3.2 What does CLT mean?

  • The central limit theorem implies that if \(N\) is large enough, we can approximate the distribution of \(\bar{Y}\) by the standard normal distribution with mean \(\mu\) and variance \(\sigma^2 / N\) regardless of the underlying distribution of \(Y\).
  • This property is called asymptotic normality.
  • Let’s examine this property through simulation!!

3.3 Numerical Simulation

  • Use the same example as before.

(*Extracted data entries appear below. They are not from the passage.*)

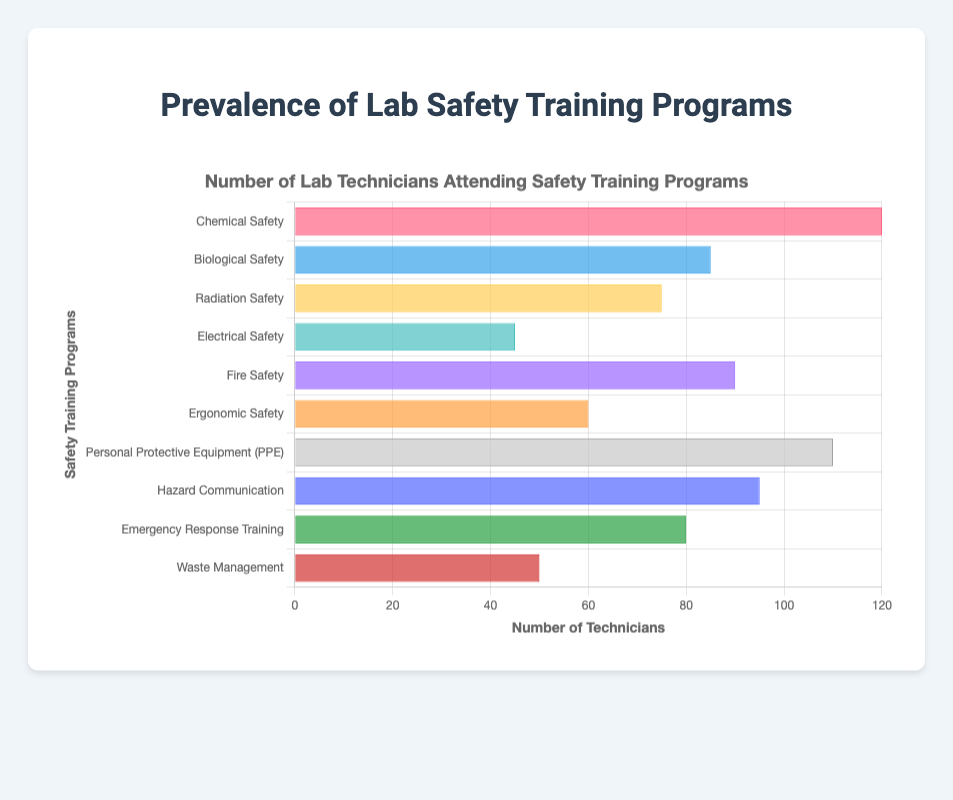Which safety training program had the highest number of technicians attending? To find this, look for the longest bar on the chart or the highest value on the x-axis. In this case, the "Chemical Safety" program has the highest number of technicians attending with 120.
Answer: Chemical Safety What is the difference in the number of technicians attending the "Radiation Safety" and "Fire Safety" programs? Check the values for both programs: "Radiation Safety" has 75 technicians, and "Fire Safety" has 90 technicians. Subtract the smaller number from the larger: 90 - 75 = 15.
Answer: 15 How many technicians attended both the "Personal Protective Equipment (PPE)" and "Ergonomic Safety" programs combined? Find the number of technicians for both programs: "PPE" has 110 and "Ergonomic Safety" has 60. Add the two numbers together: 110 + 60 = 170.
Answer: 170 Which program had fewer technicians attending: "Waste Management" or "Electrical Safety"? Compare the lengths of the bars or the values: "Waste Management" has 50 technicians, while "Electrical Safety" has 45. Thus, "Electrical Safety" has fewer technicians.
Answer: Electrical Safety What is the average number of technicians attending the "Biological Safety", "Emergency Response Training", and "Hazard Communication" programs? Find the number of technicians for the three programs: "Biological Safety" has 85, "Emergency Response Training" has 80, and "Hazard Communication" has 95. Add the numbers together (85 + 80 + 95 = 260) and divide by 3. The average is 260 / 3 ≈ 86.67.
Answer: 86.67 Which safety training program had the shortest bar on the chart? The shortest bar will correspond to the program with the least number of technicians attending. Here, the "Electrical Safety" program has the fewest technicians with 45.
Answer: Electrical Safety How many more technicians attended the "Chemical Safety" program compared to the "Emergency Response Training" program? Find the number of technicians for both programs: "Chemical Safety" has 120, and "Emergency Response Training" has 80. Subtract the smaller number from the larger: 120 - 80 = 40.
Answer: 40 Which training program had a higher attendance: "Hazard Communication" or "Personal Protective Equipment (PPE)"? Compare the values for both programs: "Hazard Communication" has 95, and "PPE" has 110. "PPE" had higher attendance.
Answer: Personal Protective Equipment (PPE) What is the total number of technicians who attended the "Chemical Safety", "Biological Safety", and "Radiation Safety" programs? Add the number of technicians for each program: "Chemical Safety" has 120, "Biological Safety" has 85, and "Radiation Safety" has 75. The total is 120 + 85 + 75 = 280.
Answer: 280 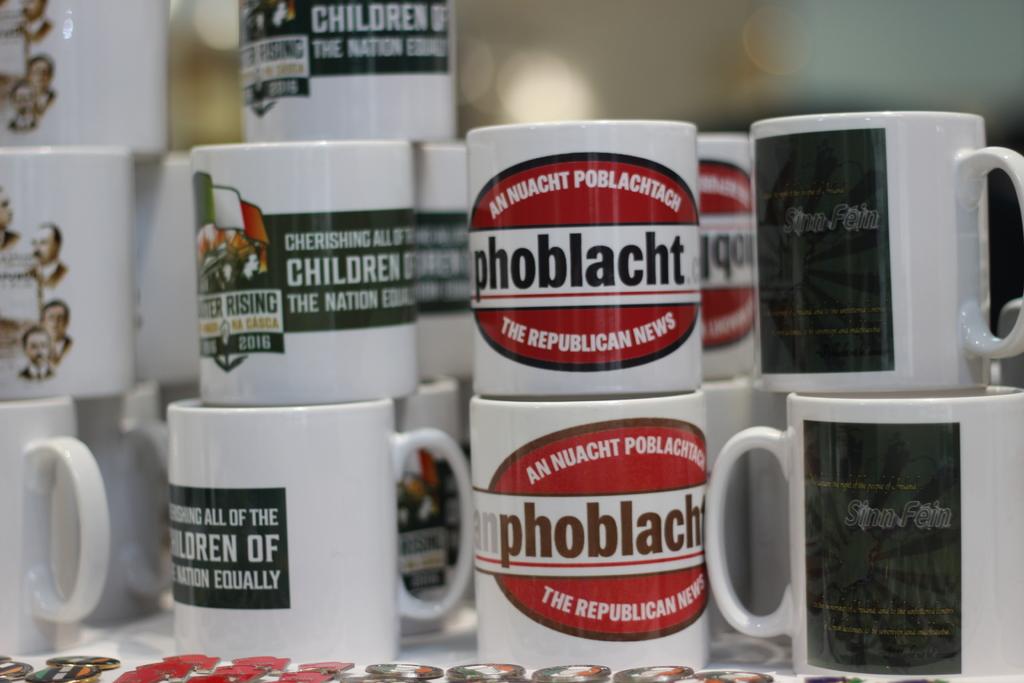What does the one mug tell you to cherish?
Your response must be concise. Children. What word is written in the middle of the second cup from the right?
Offer a very short reply. Phoblacht. 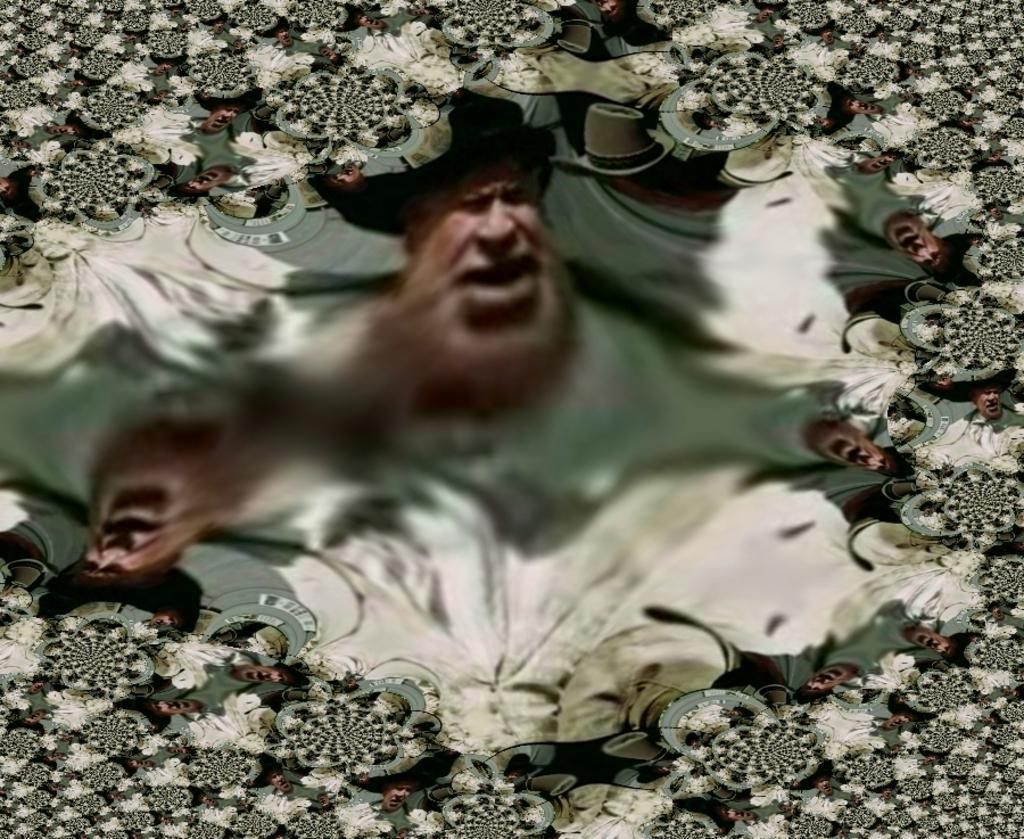Please provide a concise description of this image. In the picture there are many photos of a person present. 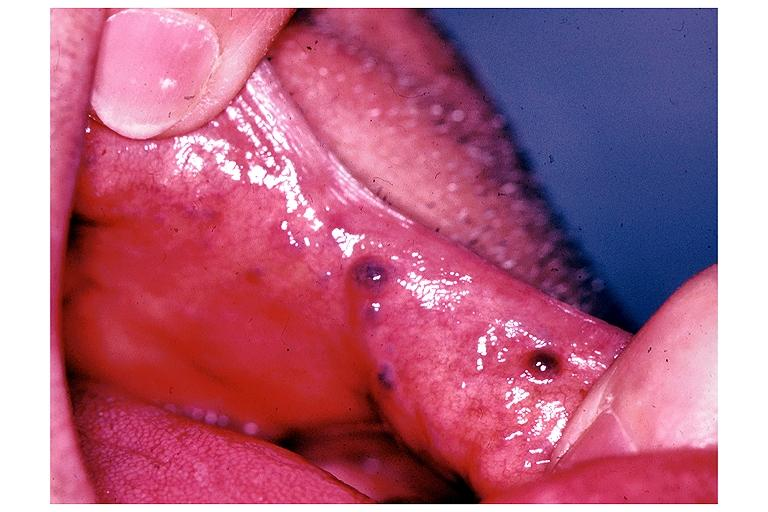s brain, cryptococcal meningitis, pas present?
Answer the question using a single word or phrase. No 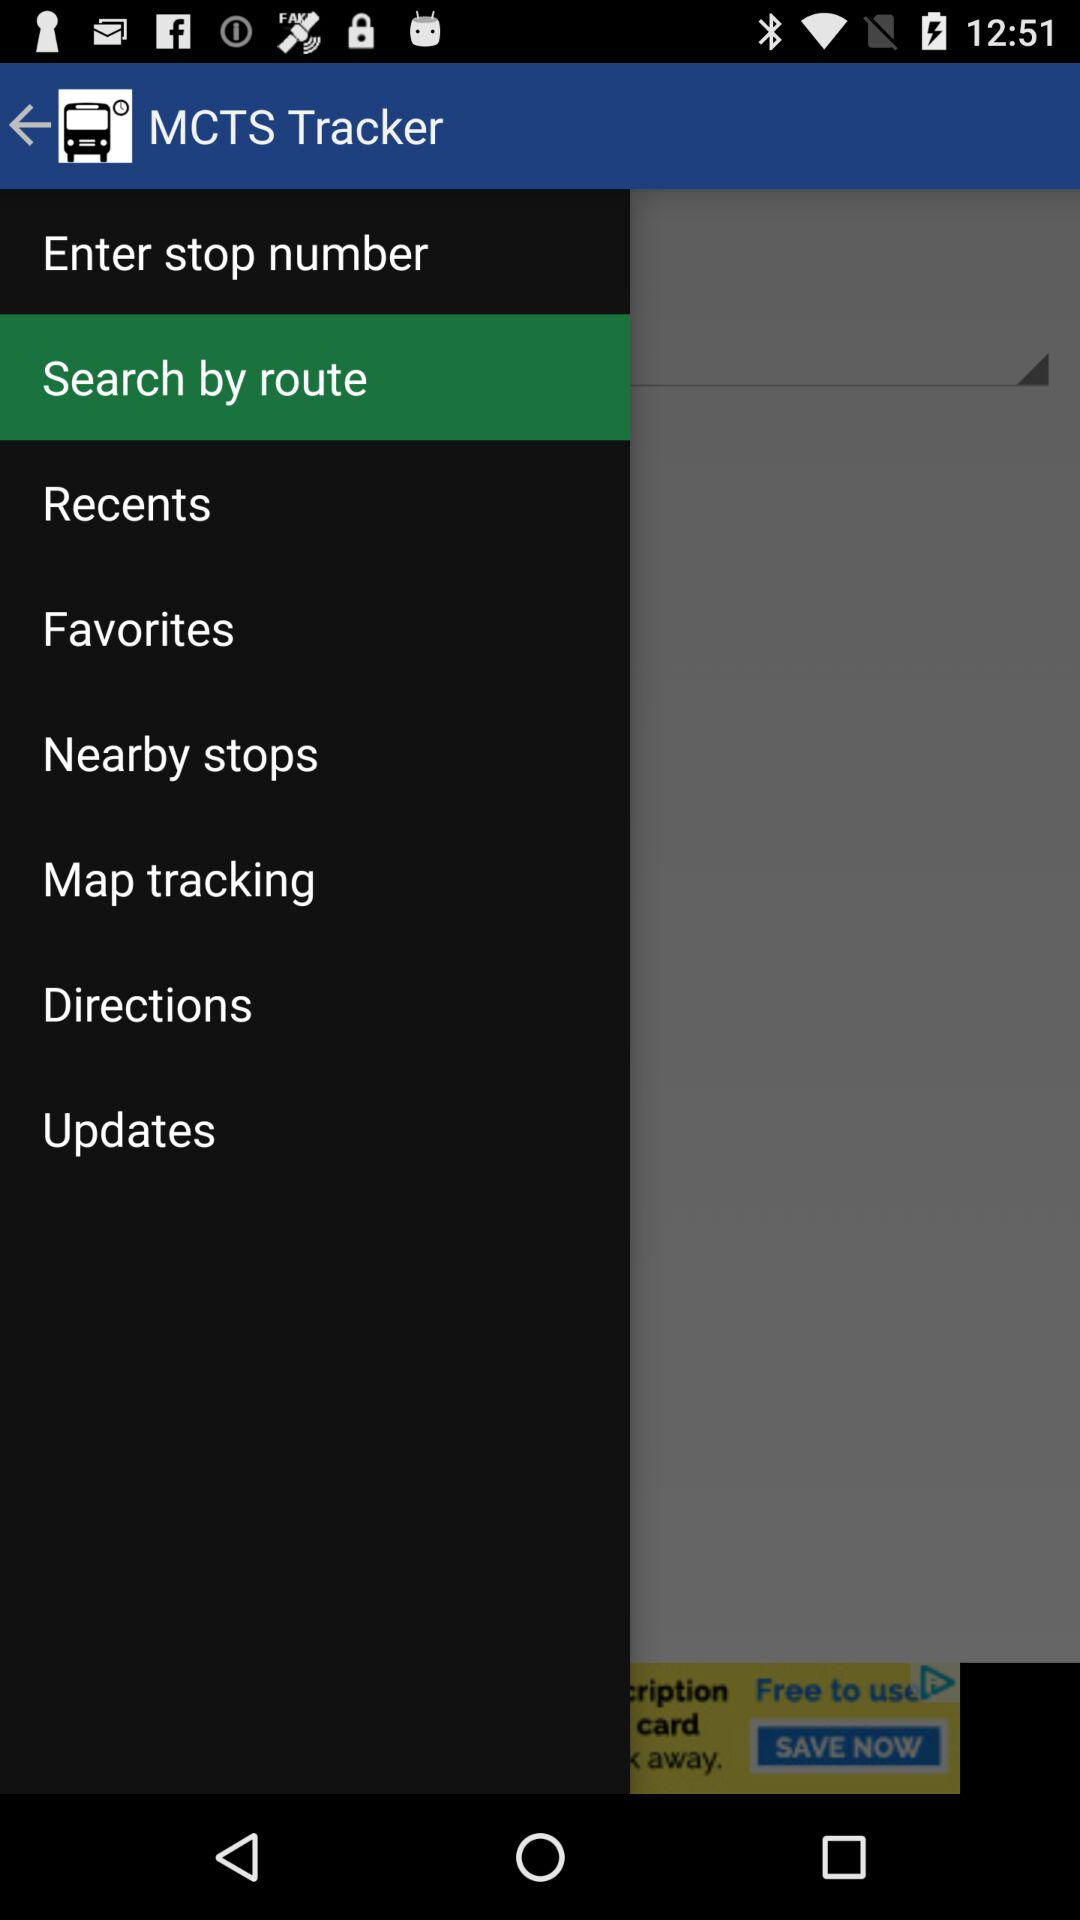What are the options available? The available options are "Enter stop number", "Search by route", "Recents", "Favorites", "Nearby stops", "Map tracking", "Directions" and "Updates".

Remember that the underlying income distribution is clearly NOT normal.
    • Population mean \(\mu = 30165.4673315\)
    • standard deviation \(\sigma = 38306.1712336\).

# define function for simulation 
f_simu_CLT = function(Nsamples, samplesize, pop, pop_mean, pop_sd ){
  
  output = numeric(Nsamples)
  for (i in 1:Nsamples ){
    test <- sample(x = pop, size = samplesize)
    output[i] <- ( mean(test) - pop_mean ) / (pop_sd / sqrt(samplesize))
  }
  
  return(output)

}

# Set the seed for the random number
set.seed(124)

# Run simulation 
Nsamples = 2000
result_CLT1 <- f_simu_CLT(Nsamples, 10, pop, pop_mean, pop_sd )
result_CLT2 <- f_simu_CLT(Nsamples, 100, pop, pop_mean, pop_sd )
result_CLT3 <- f_simu_CLT(Nsamples, 1000, pop, pop_mean, pop_sd )

# Random draw from standard normal distribution as comparison
result_stdnorm = rnorm(Nsamples)

# Create dataframe
result_CLT_data <- data.frame(  Ybar_standardized_10 = result_CLT1, 
                            Ybar_standardized_100 = result_CLT2, 
                            Ybar_standardized_1000 = result_CLT3, 
                            Standard_Normal = result_stdnorm)

  • Now take a look at the distribution.
# Use "melt" to change the format of result_data
data_for_plot <- melt(data = result_CLT_data, variable.name = "Variable" )
## Using  as id variables
# Use "ggplot2" to create the figure.
fig <- 
  ggplot(data = data_for_plot) +
  xlab("Sample mean") + 
  geom_line(aes(x = value, colour = variable ),   stat = "density" ) + 
  geom_vline(xintercept=0 ,colour="black")

plot(fig)

  • As \(N\) grows, the distribution is getting closer to the standard normal distribution.